DE NUEVO SOLO en el despacho del jefe de la comisaría, Kramer se sentó y cogió el informe del accidente, empezando a leer por «Causa del accidente (si se conoce)», donde decía: «Aparente pérdida de control, no hay más vehículos involucrados. Fuerte olor a alcohol junto a las heridas abdominales del conductor».
Lo siguiente que debía mirar era la conclusión final del informe de las autopsias: «Graves heridas múltiples, mortales en ambos casos. El conductor había consumido más o menos el equivalente a una botella de vino, al igual que el pasajero».
—Mierda. Eso ya lo sabía yo —dijo Kramer.

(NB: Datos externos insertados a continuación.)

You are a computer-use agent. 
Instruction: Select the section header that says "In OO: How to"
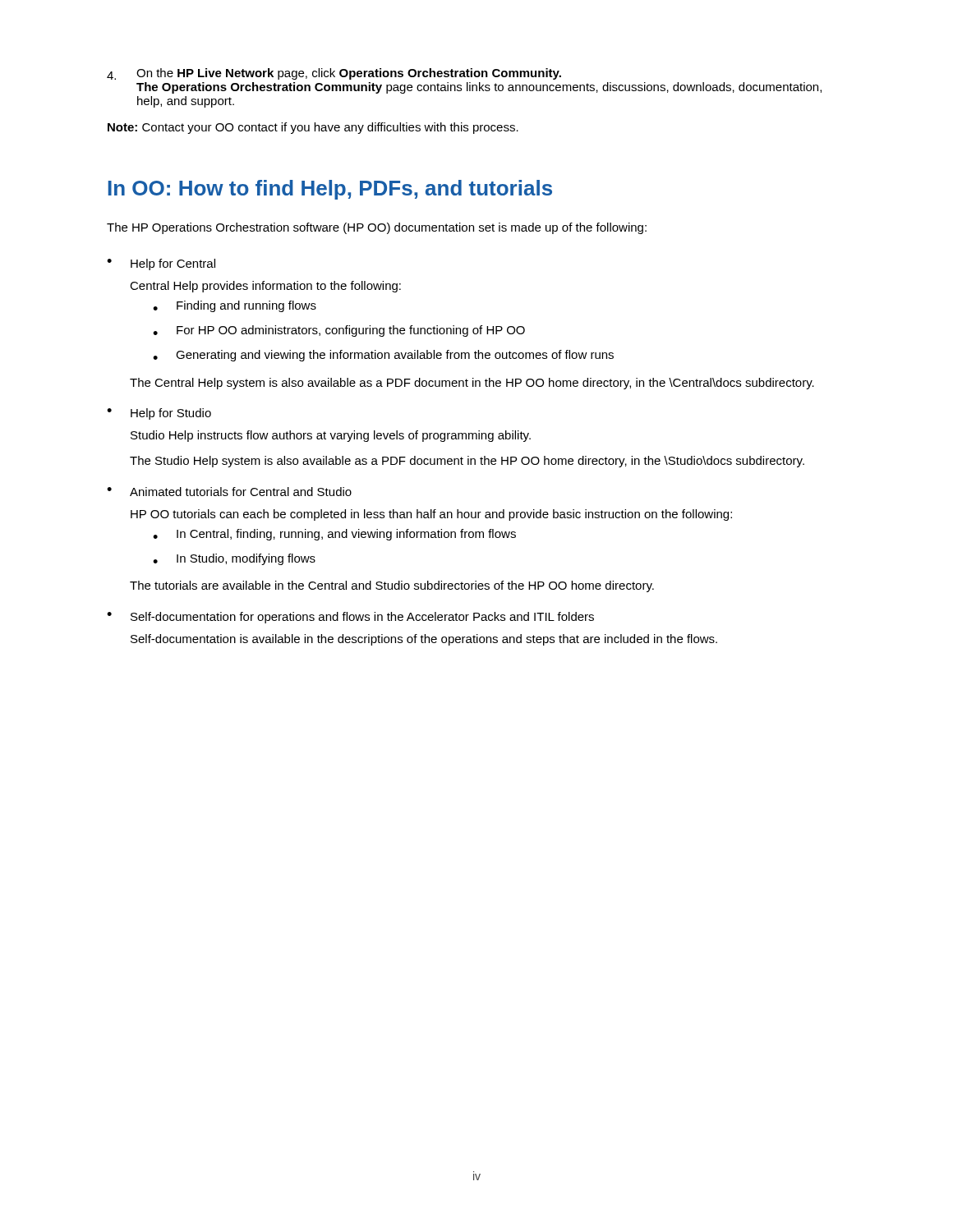pos(330,188)

Dejó a un lado el informe y cogió la declaración jurada realizada por un tal Daryl Gordon Taylor, con la esperanza de que le proporcionara algún indicio sobre lo que había hecho sospechar a Kritzinger:
Soy un adulto blanco de cincuenta y dos años de edad, y vivo en la residencia del director de Ingenios Azucareros de Jafini S. L., en el norte de Zululandia. Ocupo el puesto de director del ingenio azucarero, en el que llevo veintisiete años. Durante dicho período, he conocido al fallecido Andries Johannes Adolf Jeremiah Cloete, que trabajaba en Ingenios Azucareros de Jafini S. L. en calidad de capataz europeo, con treinta y cinco obreros no europeos a sus órdenes. Cumplió bien con sus deberes y responsabilidades en todo momento. También trataba socialmente al fallecido desde hace veinticinco años, y lo tenía por un buen amigo y colega que merecía ser respetado por la moderación que mostraba en todas las cosas.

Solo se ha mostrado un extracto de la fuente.